Walter P. Sheppard | Arlington, VA United States | 07/21/2006
(5 out of 5 stars)
"In spite of its obscurity and the way it was treated by the opening night audience, this is no dud. It doesn't show much of what was to come from Verdi, but it can certainly hold its head up very comfortably in the operatic world in which it first appeared. No, it's not dramatic; it's a comedy! It can easily be enjoyed by those who love the comic operas of Rossini and, especially, Donizetti. This is an excellent recording that I've been enjoying for years since its original release. Get it and enjoy!!"

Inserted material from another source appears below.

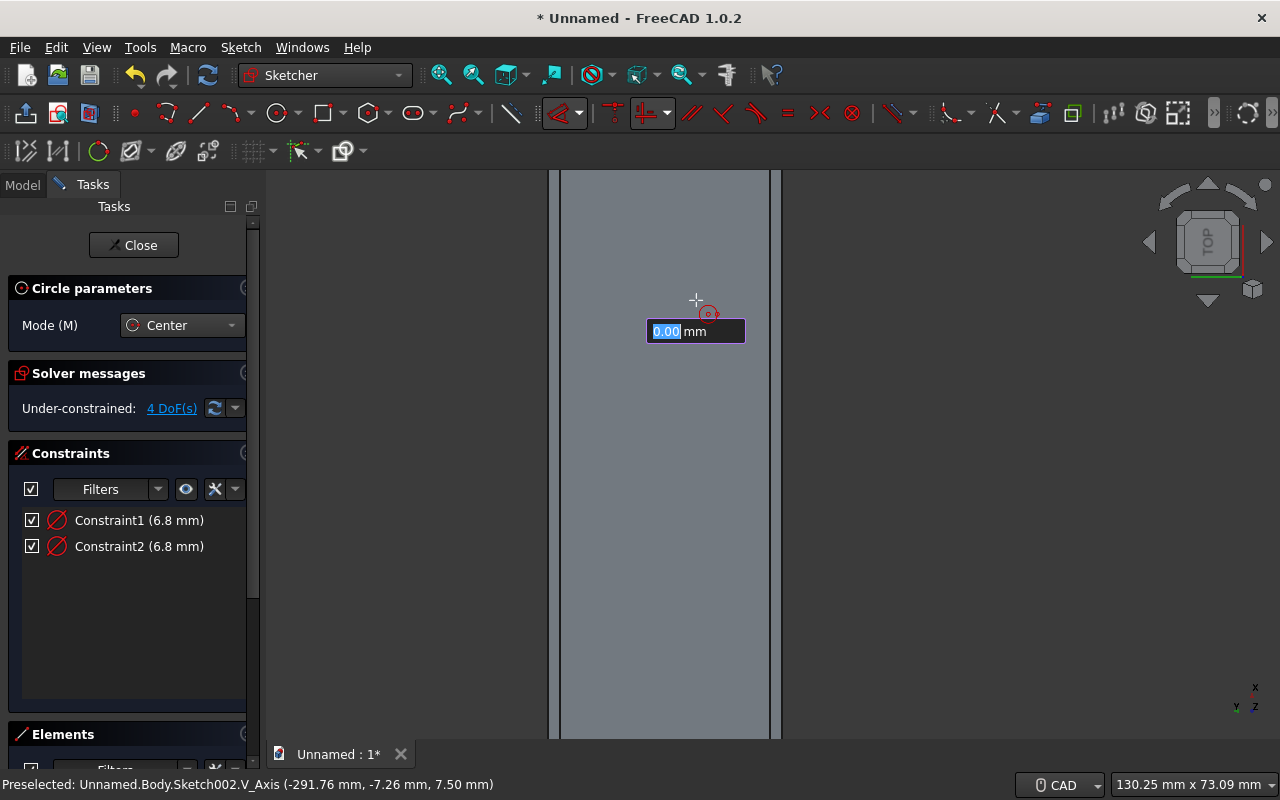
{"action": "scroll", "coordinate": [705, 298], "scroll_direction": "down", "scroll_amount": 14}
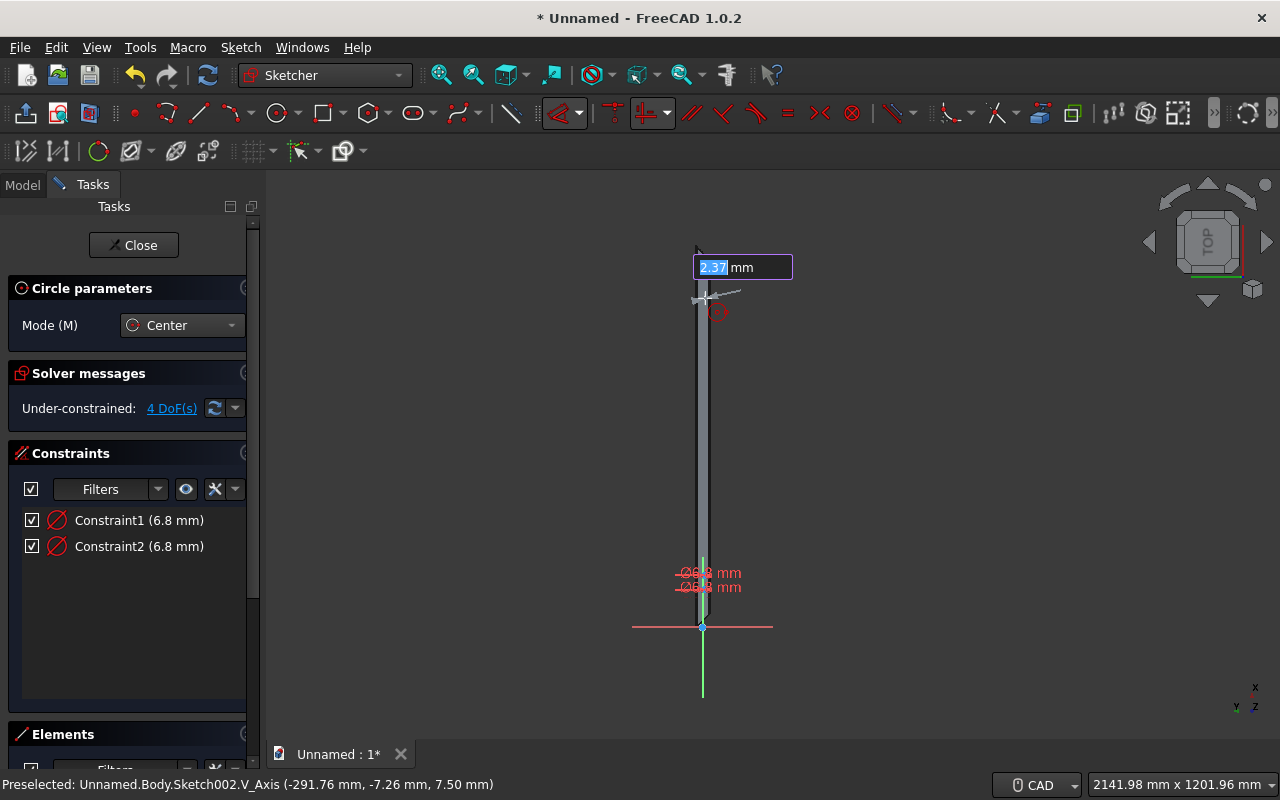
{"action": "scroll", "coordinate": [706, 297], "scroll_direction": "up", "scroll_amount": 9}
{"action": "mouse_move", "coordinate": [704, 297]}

Great to have in the collection, but...
David Cady | Jersey City, NJ USA | 09/10/2005
(2 out of 5 stars)
"Philips, conductor Lamberto Gardelli and a group of superb, dedicated singers (including Caballe, Ramey, Ricciarelli and -- most often -- Carreras) must be commended for bringing so many of Verdi's early works to light. (Some predate "Macbeth," some don't; all predate "Rigoletto.") I have their "Stiffelio," "I Due Foscari" and "Il Corsaro," each of which are as melodically and dramatically rich as anything Verdi ever composed. "Un Giorno di Regno," however, is not. It is his second produced work (immediately prior to "Nabucco") and doesn't even sound like Verdi, which is not in itself the major problem. ("Guillaume Tell" doesn't sound like Rossini, but it's a masterpiece.) Listening, one senses a talented young composer in over his head, trying desperately to come up with interesting musical ideas that will enliven a rickety libretto. Instead, the score is repetitive and overly complicated, with melodies going off in directions you're not expecting them to -- yet actually going nowhere. The fine singers (particularly Jessye Norman) do an admirable job, but the one thing this album proves is that a Verdian dud is just as undistinguished as one composed by second and third-rate composers."